# Directions
Output only the lines below that start at the line containing "Will you give" and end at the line containing "- cardboard box <box>1764,573,1919,789</box>", with both ends kept.
*** Opening Dataset extract ***
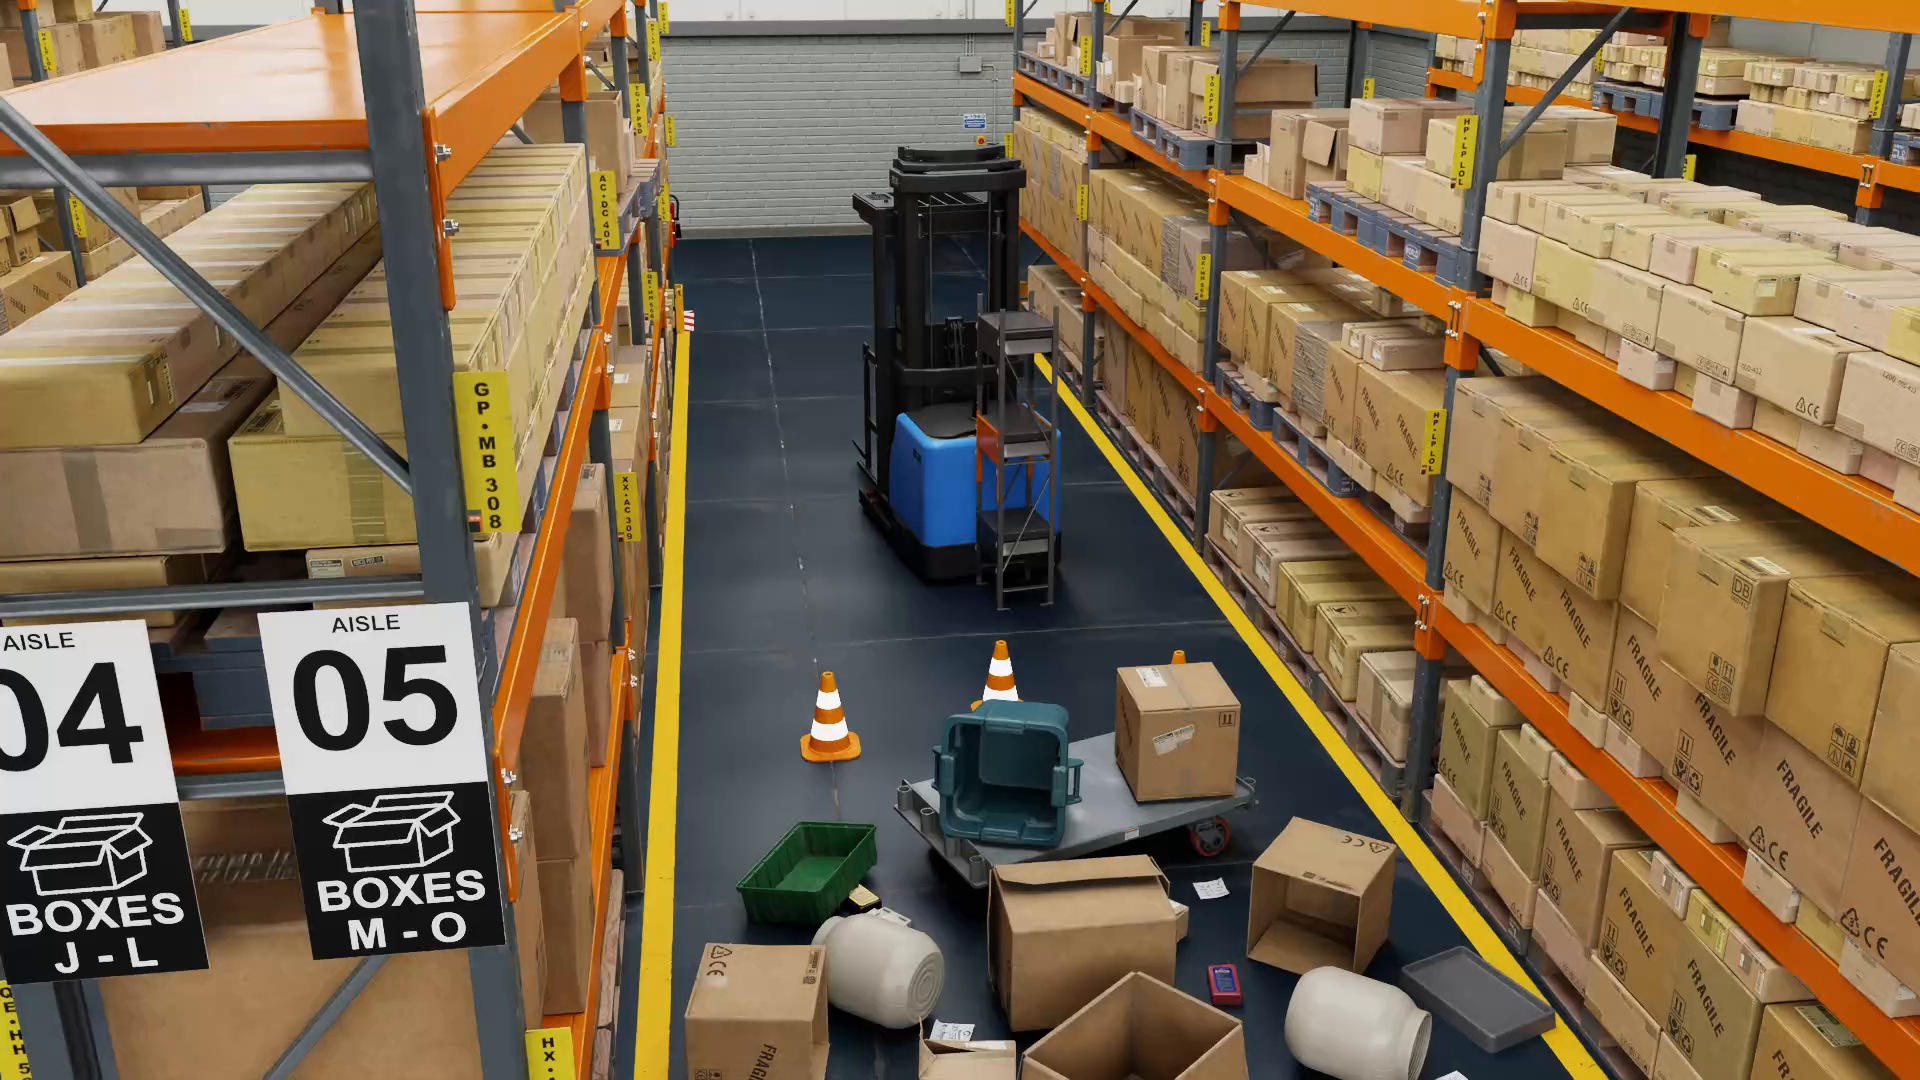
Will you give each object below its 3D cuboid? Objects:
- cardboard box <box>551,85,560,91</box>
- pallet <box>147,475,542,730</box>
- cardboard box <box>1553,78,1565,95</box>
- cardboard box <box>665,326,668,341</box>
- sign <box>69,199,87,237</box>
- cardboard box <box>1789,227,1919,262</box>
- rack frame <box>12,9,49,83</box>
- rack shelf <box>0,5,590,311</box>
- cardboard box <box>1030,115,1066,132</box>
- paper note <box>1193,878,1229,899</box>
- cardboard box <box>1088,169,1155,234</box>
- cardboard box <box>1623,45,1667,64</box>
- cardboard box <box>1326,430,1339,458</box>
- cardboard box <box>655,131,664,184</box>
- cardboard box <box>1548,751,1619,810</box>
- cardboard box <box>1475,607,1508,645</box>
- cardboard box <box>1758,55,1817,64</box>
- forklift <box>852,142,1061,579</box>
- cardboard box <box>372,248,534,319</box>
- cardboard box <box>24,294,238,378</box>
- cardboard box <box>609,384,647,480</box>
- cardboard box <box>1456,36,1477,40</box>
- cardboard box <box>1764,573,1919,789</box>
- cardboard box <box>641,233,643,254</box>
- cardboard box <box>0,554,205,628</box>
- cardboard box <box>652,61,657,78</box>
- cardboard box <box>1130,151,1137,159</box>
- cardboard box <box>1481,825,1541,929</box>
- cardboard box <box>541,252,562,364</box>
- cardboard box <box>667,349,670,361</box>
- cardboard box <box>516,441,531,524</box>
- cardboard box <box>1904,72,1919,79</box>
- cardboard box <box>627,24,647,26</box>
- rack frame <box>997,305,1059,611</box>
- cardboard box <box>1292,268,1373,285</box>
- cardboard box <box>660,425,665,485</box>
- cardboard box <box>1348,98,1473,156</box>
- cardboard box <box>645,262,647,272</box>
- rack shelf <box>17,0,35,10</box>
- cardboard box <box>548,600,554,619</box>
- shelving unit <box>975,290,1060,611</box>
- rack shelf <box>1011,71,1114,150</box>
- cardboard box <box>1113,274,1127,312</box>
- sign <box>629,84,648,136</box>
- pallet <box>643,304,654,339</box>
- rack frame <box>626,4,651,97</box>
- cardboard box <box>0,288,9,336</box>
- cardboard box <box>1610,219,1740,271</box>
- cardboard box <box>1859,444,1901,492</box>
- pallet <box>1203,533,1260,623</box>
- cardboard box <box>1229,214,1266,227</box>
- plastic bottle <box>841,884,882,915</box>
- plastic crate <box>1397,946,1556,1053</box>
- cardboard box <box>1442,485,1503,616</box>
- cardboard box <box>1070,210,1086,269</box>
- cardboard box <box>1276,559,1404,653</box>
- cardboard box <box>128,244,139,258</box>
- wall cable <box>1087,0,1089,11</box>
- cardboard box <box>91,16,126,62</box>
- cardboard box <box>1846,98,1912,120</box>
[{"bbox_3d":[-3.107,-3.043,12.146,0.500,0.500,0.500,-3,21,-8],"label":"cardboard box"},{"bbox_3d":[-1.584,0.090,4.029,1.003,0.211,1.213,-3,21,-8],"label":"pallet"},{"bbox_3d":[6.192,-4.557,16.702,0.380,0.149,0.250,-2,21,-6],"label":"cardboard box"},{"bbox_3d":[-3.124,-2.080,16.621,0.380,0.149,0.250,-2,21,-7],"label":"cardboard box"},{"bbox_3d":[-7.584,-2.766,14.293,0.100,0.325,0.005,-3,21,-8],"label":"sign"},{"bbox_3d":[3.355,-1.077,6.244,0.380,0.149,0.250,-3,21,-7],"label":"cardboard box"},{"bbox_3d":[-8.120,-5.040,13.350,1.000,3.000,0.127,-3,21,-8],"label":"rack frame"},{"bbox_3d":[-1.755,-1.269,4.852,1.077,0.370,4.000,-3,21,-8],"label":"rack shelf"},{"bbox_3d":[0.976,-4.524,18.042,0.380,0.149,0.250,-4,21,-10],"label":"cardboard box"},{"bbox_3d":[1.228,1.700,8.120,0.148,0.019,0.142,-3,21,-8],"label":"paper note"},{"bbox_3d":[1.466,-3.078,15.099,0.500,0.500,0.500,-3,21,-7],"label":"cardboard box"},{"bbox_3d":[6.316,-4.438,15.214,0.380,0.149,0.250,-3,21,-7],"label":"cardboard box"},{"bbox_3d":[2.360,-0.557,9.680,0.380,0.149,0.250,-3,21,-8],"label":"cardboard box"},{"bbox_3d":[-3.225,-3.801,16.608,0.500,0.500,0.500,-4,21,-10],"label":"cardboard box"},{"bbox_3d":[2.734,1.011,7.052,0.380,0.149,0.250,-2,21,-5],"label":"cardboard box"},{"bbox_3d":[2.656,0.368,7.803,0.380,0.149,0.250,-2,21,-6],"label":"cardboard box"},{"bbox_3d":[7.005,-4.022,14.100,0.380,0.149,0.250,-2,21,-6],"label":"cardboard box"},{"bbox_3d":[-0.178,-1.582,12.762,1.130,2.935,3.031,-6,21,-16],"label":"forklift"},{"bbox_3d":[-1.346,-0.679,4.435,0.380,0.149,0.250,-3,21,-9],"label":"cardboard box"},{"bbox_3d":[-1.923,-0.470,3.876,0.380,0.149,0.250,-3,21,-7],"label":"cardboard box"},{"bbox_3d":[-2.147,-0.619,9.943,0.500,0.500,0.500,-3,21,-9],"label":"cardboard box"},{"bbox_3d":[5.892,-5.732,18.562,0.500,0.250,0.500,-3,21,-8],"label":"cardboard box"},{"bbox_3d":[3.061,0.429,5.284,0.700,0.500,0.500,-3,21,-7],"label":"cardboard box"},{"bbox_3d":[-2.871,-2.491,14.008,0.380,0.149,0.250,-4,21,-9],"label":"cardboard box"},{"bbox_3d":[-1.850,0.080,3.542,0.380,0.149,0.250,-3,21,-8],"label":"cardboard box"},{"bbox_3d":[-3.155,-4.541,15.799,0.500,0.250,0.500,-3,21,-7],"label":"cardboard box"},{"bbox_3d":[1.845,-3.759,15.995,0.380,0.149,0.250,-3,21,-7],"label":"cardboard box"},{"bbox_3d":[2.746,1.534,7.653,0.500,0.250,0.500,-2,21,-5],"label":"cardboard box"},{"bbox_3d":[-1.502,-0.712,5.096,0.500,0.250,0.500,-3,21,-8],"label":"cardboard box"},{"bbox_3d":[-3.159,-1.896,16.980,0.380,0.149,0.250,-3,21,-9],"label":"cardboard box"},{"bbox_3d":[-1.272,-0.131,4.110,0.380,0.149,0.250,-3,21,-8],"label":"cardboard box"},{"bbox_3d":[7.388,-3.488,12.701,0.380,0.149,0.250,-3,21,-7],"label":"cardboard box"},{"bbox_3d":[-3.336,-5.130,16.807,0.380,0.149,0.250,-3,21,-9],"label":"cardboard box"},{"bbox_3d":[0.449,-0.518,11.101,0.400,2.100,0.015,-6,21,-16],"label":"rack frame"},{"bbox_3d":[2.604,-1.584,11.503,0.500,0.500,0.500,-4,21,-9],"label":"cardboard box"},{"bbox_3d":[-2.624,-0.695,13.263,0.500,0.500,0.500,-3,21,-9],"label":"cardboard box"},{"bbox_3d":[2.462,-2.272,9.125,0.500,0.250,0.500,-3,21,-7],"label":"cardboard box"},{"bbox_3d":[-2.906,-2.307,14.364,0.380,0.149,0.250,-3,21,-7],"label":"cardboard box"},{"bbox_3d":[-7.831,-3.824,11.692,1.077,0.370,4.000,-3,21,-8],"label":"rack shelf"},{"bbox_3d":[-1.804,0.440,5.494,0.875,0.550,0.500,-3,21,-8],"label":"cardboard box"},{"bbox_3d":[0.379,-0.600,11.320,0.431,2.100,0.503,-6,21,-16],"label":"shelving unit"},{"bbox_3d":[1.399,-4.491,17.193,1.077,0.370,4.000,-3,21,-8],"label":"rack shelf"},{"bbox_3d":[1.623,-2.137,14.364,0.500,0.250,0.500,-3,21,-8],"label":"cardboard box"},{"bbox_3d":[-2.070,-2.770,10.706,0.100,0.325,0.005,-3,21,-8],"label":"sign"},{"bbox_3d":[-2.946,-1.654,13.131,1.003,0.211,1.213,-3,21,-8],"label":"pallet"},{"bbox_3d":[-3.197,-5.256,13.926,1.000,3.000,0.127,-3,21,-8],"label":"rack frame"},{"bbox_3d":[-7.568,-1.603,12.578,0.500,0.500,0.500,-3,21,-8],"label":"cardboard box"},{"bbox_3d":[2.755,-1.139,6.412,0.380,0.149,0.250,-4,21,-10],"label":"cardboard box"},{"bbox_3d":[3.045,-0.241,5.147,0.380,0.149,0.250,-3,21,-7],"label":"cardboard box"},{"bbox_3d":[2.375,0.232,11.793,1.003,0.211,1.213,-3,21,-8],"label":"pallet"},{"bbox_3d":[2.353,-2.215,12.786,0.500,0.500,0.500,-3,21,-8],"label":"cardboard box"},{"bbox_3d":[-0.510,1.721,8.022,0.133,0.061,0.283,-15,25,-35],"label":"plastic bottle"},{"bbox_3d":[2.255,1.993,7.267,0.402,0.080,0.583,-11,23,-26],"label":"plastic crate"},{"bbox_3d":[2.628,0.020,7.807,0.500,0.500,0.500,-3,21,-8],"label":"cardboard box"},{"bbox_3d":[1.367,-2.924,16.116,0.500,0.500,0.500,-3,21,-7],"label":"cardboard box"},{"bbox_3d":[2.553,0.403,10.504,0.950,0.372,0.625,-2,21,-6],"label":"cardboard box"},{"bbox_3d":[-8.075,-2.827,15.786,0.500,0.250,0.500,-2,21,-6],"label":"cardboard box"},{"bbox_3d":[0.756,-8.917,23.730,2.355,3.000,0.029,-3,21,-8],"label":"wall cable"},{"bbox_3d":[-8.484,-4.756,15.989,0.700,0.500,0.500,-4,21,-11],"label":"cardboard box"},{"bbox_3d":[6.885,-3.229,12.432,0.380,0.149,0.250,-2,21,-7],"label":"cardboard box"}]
*** Closing Dataset extract ***
*** Opening Dataset extract ***
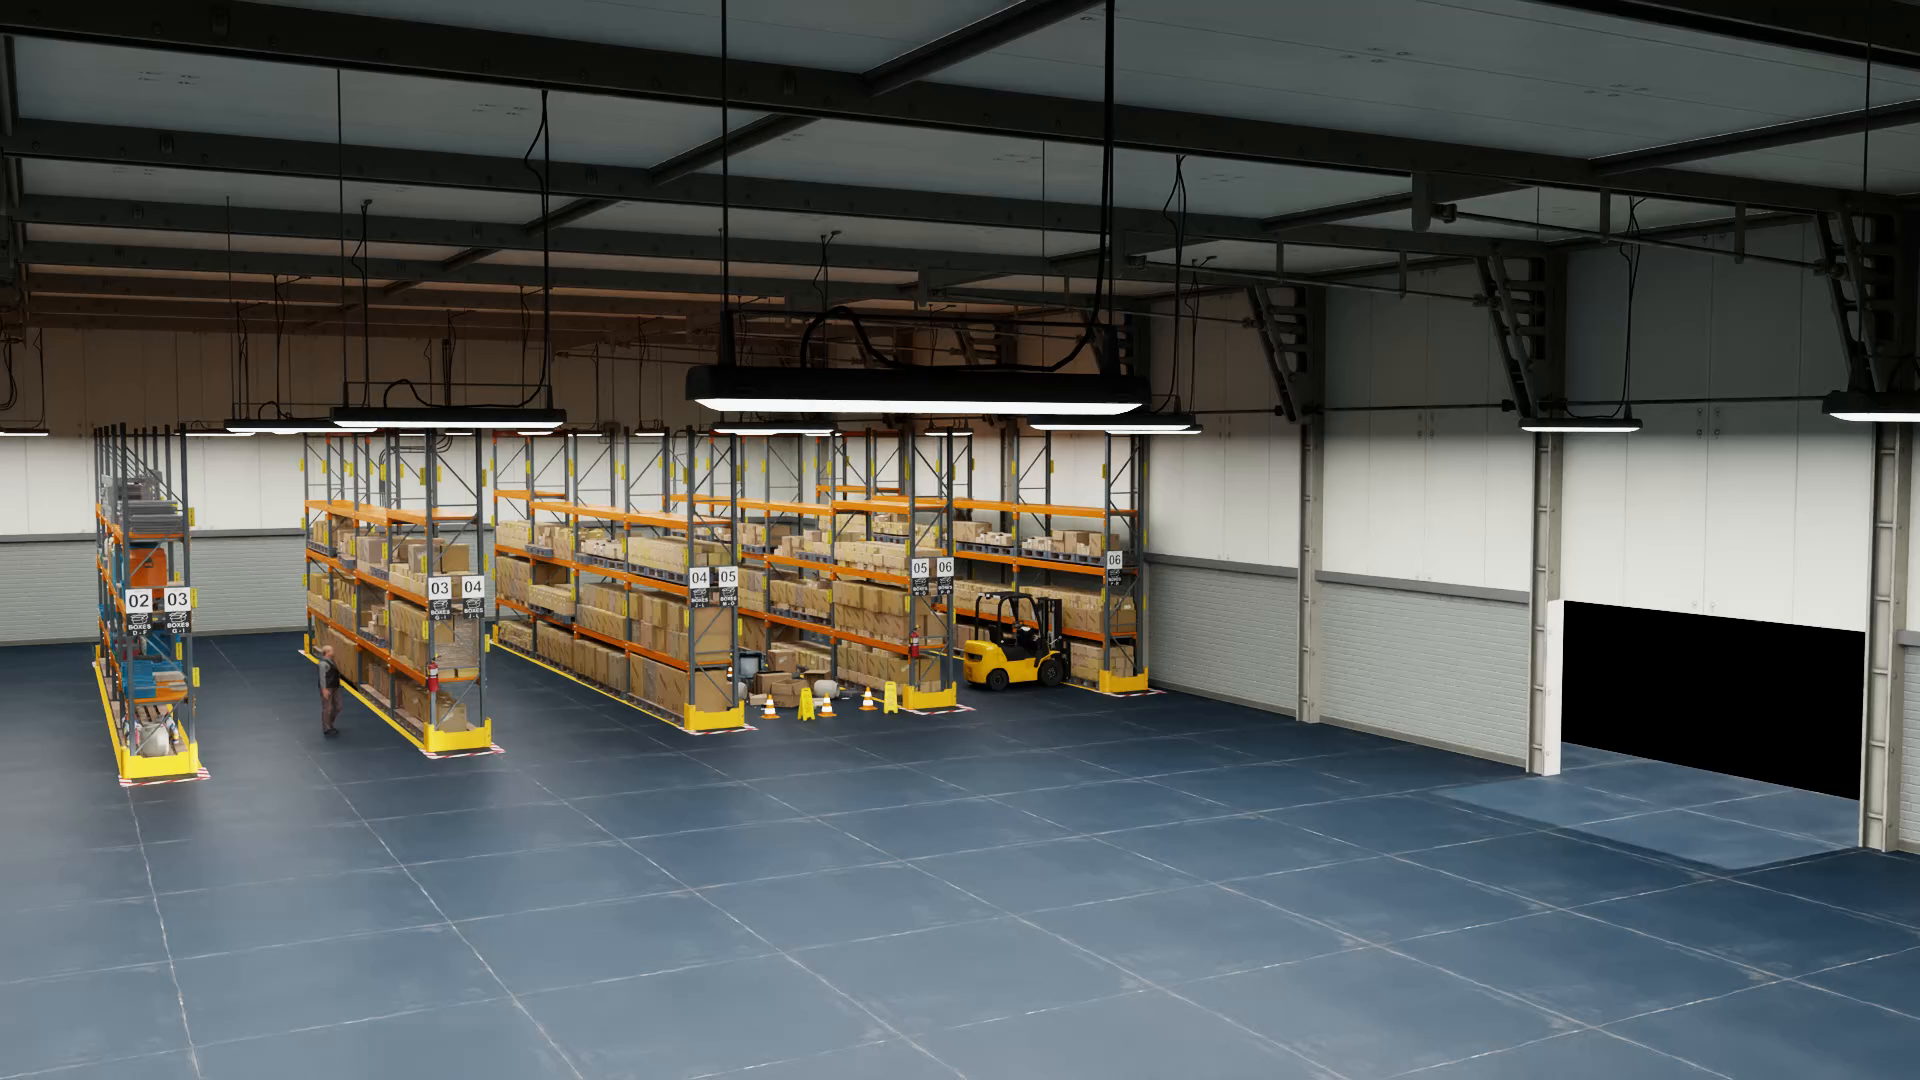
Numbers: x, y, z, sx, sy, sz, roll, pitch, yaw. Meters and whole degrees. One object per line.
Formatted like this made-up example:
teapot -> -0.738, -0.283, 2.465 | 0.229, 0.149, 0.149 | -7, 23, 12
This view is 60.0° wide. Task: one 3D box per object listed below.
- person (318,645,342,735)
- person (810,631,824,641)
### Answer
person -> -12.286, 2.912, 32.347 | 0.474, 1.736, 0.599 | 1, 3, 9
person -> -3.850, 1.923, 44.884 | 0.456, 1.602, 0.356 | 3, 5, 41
*** Closing Dataset extract ***
*** Opening Dataset extract ***
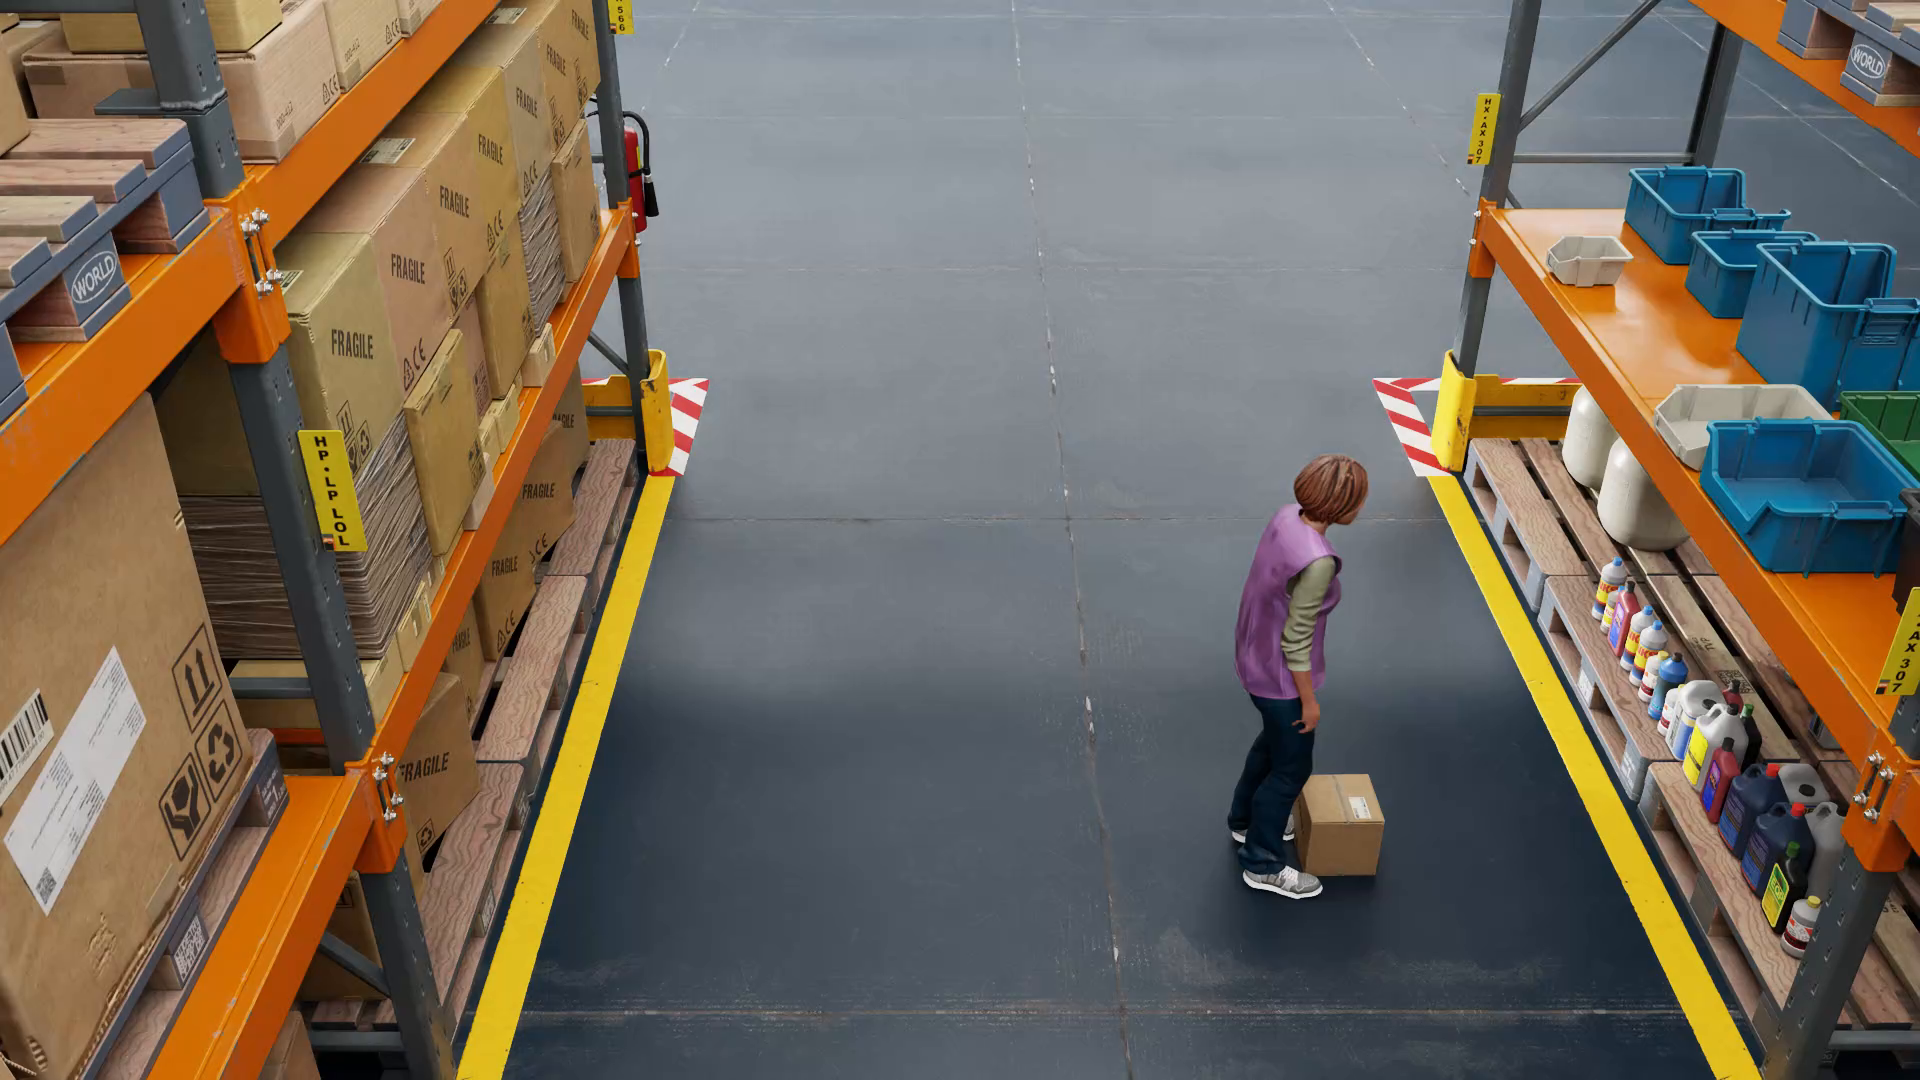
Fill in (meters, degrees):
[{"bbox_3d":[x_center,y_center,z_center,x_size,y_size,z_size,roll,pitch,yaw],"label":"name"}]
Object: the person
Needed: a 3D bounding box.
*** Closing Dataset extract ***
# Your response
Will you give each object below its 3D cuboid? Objects:
- cardboard box <box>551,85,560,91</box>
- pallet <box>147,475,542,730</box>
- cardboard box <box>1553,78,1565,95</box>
- cardboard box <box>665,326,668,341</box>
- sign <box>69,199,87,237</box>
- cardboard box <box>1789,227,1919,262</box>
- rack frame <box>12,9,49,83</box>
- rack shelf <box>0,5,590,311</box>
- cardboard box <box>1030,115,1066,132</box>
- paper note <box>1193,878,1229,899</box>
- cardboard box <box>1088,169,1155,234</box>
- cardboard box <box>1623,45,1667,64</box>
- cardboard box <box>1326,430,1339,458</box>
- cardboard box <box>655,131,664,184</box>
- cardboard box <box>1548,751,1619,810</box>
- cardboard box <box>1475,607,1508,645</box>
- cardboard box <box>1758,55,1817,64</box>
- forklift <box>852,142,1061,579</box>
- cardboard box <box>372,248,534,319</box>
- cardboard box <box>24,294,238,378</box>
- cardboard box <box>609,384,647,480</box>
- cardboard box <box>1456,36,1477,40</box>
- cardboard box <box>1764,573,1919,789</box>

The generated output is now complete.